Insight

How Overtrading Can Cost You Returns

Trading VS Investing

  • 2 min read
  • By Vault Wealth Team
  • Last reviewed 2 Jun 2026

It’s a truth investors often struggle to admit: the more you trade and time the market, the less you may ultimately earn.

Recent Morningstar research confirms it. Their “Mind the Gap” study unveils a troubling trend: investors who trade frequently capture far less of their portfolio’s total return compared to those who stay disciplined and hold steady.

Why Overtrading Undermines Your Portfolio

Think of your investments as a marathon, not a sprint. Trading too often may feel proactive, but it comes at a cost:

  • Fees, taxes, and timing pitfalls: Even in zero-commission environments, indirect costs, like slippage, spreads, and capital gains taxes, chip away at your gains. Warren Buffett emphasized this in his famous 10-year bet: a simple low-cost index fund easily outperformed more expensive, active alternatives, largely thanks to lower friction.
  • Real-world data backs it up: Academics Barber and Odean studied over 66,000 households and found that the most active traders earned 11.4% annually, while the broader market returned 17.9%, and that’s before trading costs are applied.
  • Scientific confirmation: A 2021 study reports that households trading infrequently achieved an average annual return of 18.5%, compared to just 11.4% for frequent traders, a difference that compounds significantly over time.

Behavioral Biases

This is more about psychology than about economics.
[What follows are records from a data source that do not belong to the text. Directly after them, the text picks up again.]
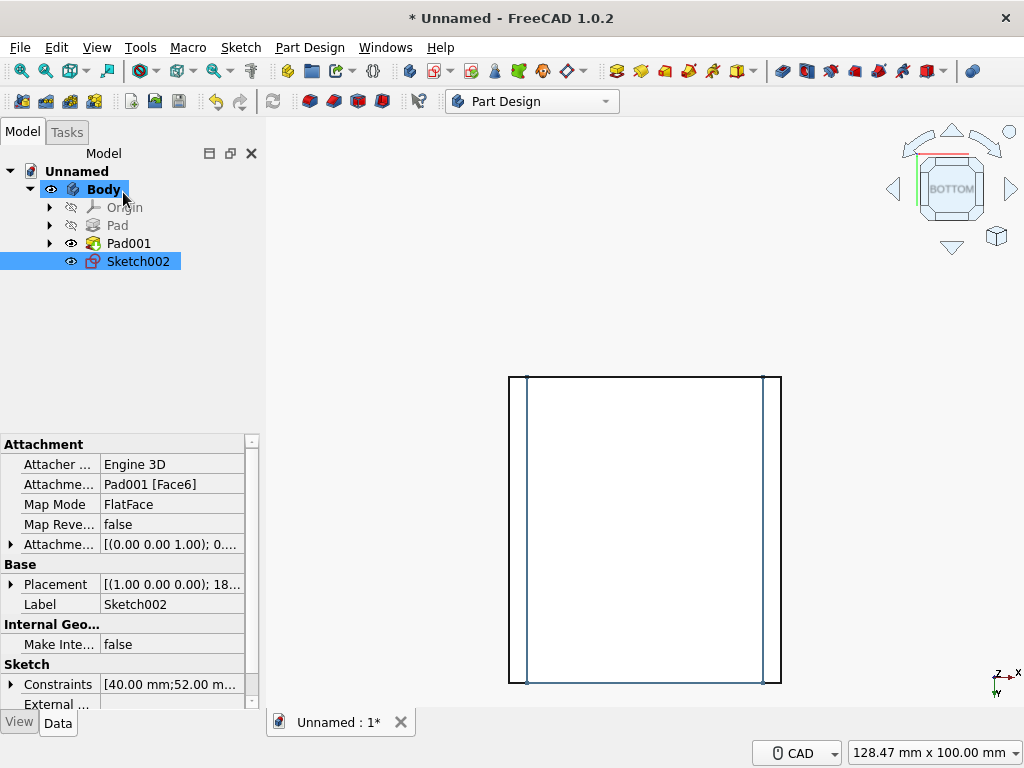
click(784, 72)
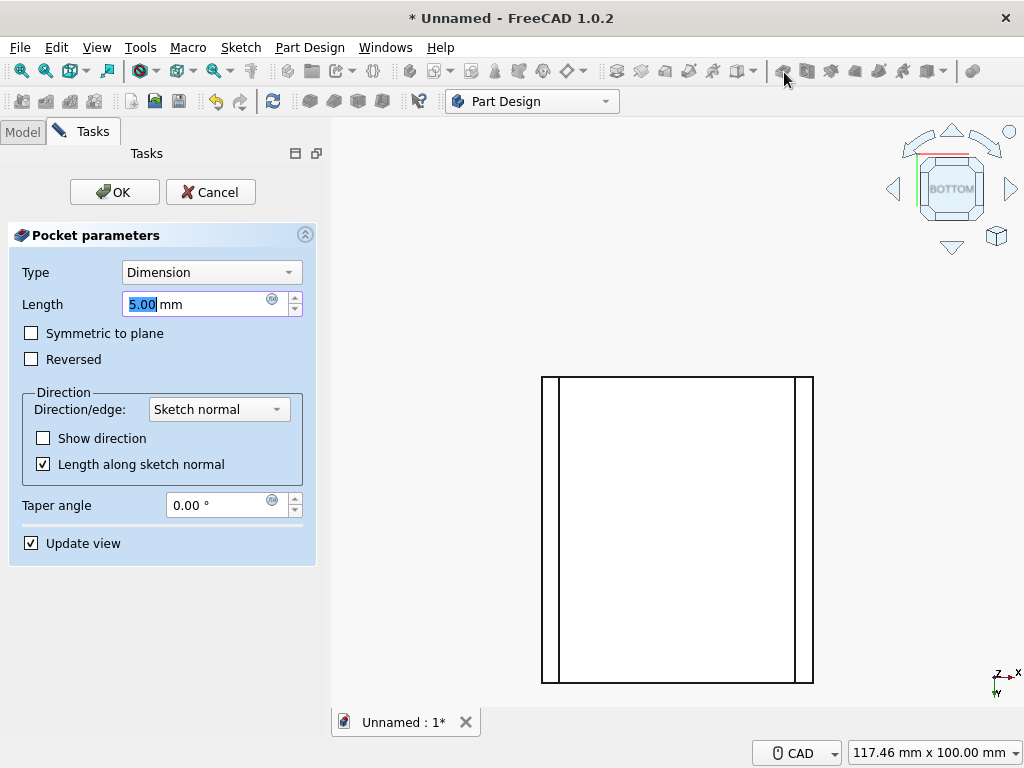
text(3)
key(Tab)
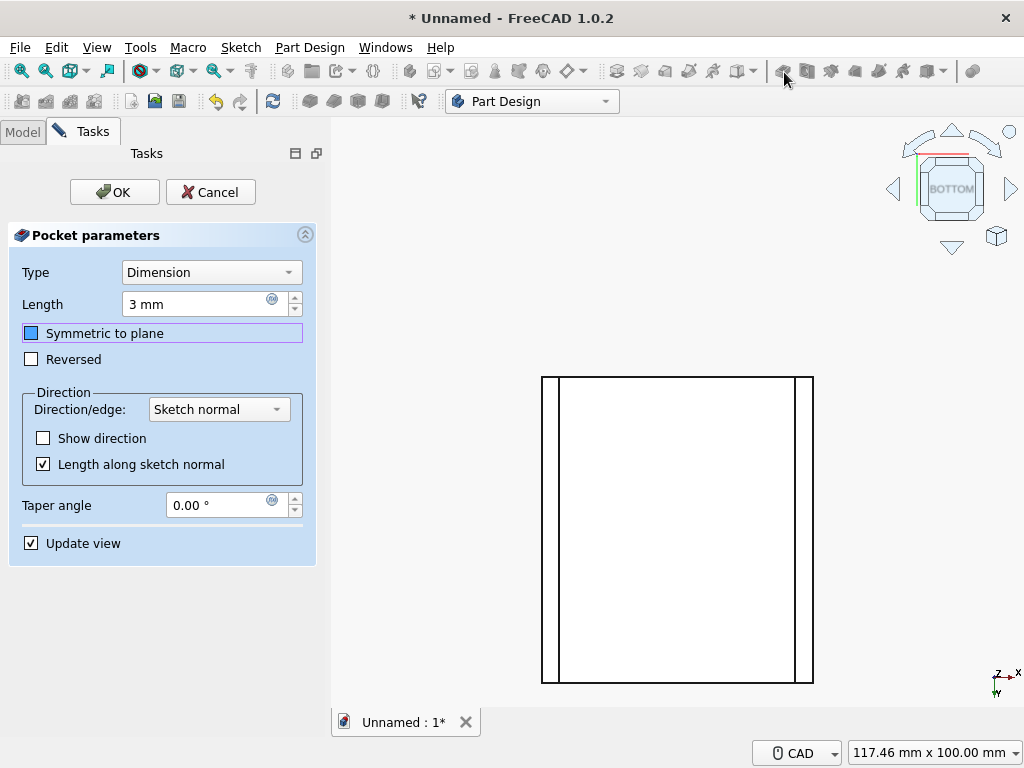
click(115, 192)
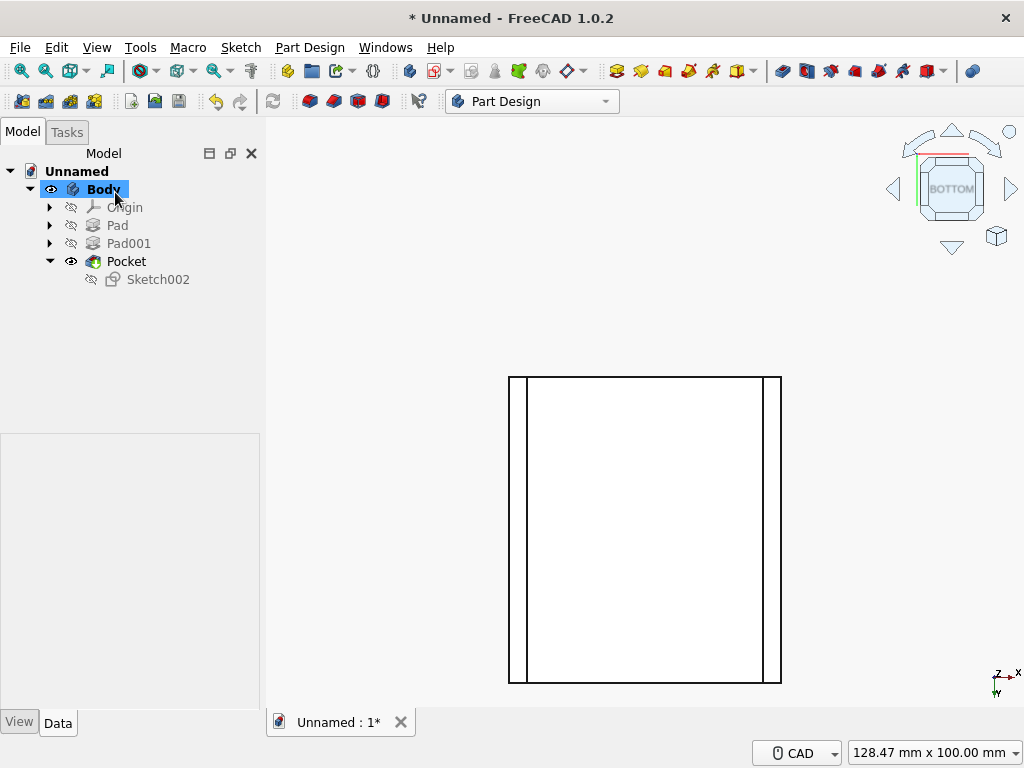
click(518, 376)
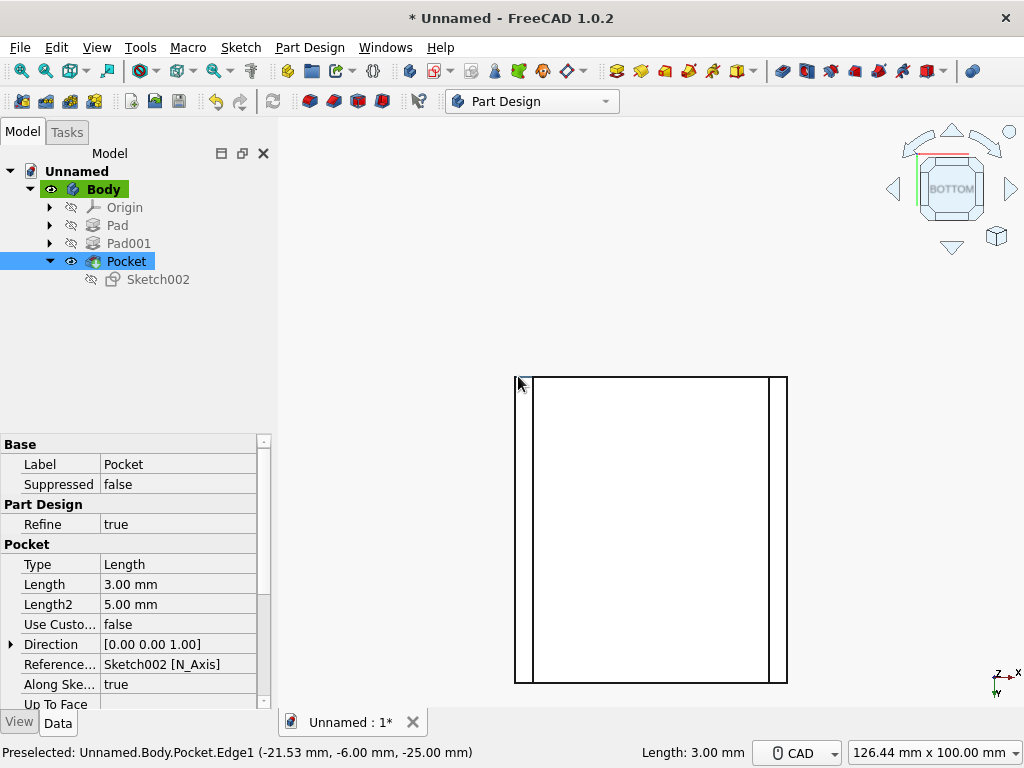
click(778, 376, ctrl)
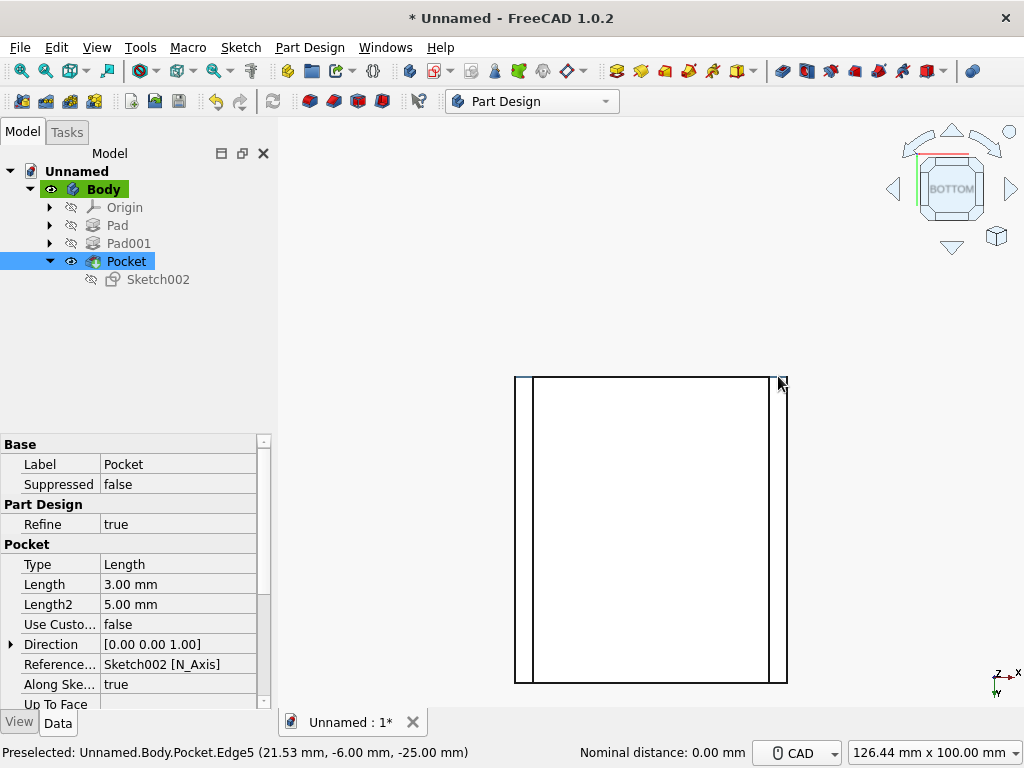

  • Return-chasing: Investors tend to pile into recent winners and bail out of laggards, even though market reversals often follow periods of momentum. This chasing behavior reduces long-term returns.
  • Disposition effect: We hate admitting losses and love locking in gains but this leads us to sell winners too soon and hold losers too long, often harming performance.
  • Overconfidence: Research shows that investors who believe they’re savvy are more likely to trade and underperform.

Why the Smart Investor Trades Less

Studies of ETFs, mutual funds, and daily trading all point to the same truth: low-turnover strategies outperform. Morningstar found that ETFs with the least trading activity consistently outdid their peers in return capture. Their broader findings also show investors “missed out” on roughly 1.7% per year of potential gains between 2013 and 2022 simply due to poor timing.

Putting It in Perspective

Frequent trading may feel active, but it often amounts to dragging your net returns down. It’s not about eliminating trades entirely but about making them strategically, not emotionally.

A better approach is disciplined, global, and diversified:

  • Let your portfolio grow across geographies and asset classes.
  • Use rebalancing, not reacting to excessive noise.
  • Focus on long-term objectives, not short-term alerts.

A Gentle Reminder

Your strategies should be structured to capture global opportunities, reduce unnecessary turnover, and stay aligned with your long-term goals, helping you keep more of what you earn.

Frequently asked questions

  • Does overtrading actually hurt returns?
    Yes — and the gap is meaningful. The most-cited study (Barber and Odean's analysis of 66,000 US households) found that the most active 20% of traders earned 11.4% annually vs 17.9% for the market. A 2021 follow-up confirmed the gap: infrequent traders averaged 18.5% vs 11.4% for frequent traders.
  • Why does trading more cost me money?
    Three reasons. Direct costs: even in zero-commission environments, bid-ask spreads and slippage take a slice of every trade. Taxes: short-term gains are typically taxed harder than long-term gains. Bad timing: most discretionary trades are driven by emotion (chasing winners, dumping losers) rather than information, so the average trade has a negative expected value.
  • What's the disposition effect?
    The tendency to sell winners too early (to lock in a gain that feels good) and hold losers too long (to avoid admitting a loss that feels bad). It's a direct consequence of loss aversion and it consistently produces worse outcomes than letting winners run and cutting losers fast.
  • What's the antidote?
    Structural, not motivational. Automate contributions on a schedule. Use a written investment policy statement that defines allocation bands and rebalancing triggers in advance. Limit how often you check the portfolio. And measure success against the plan, not against last week's price action.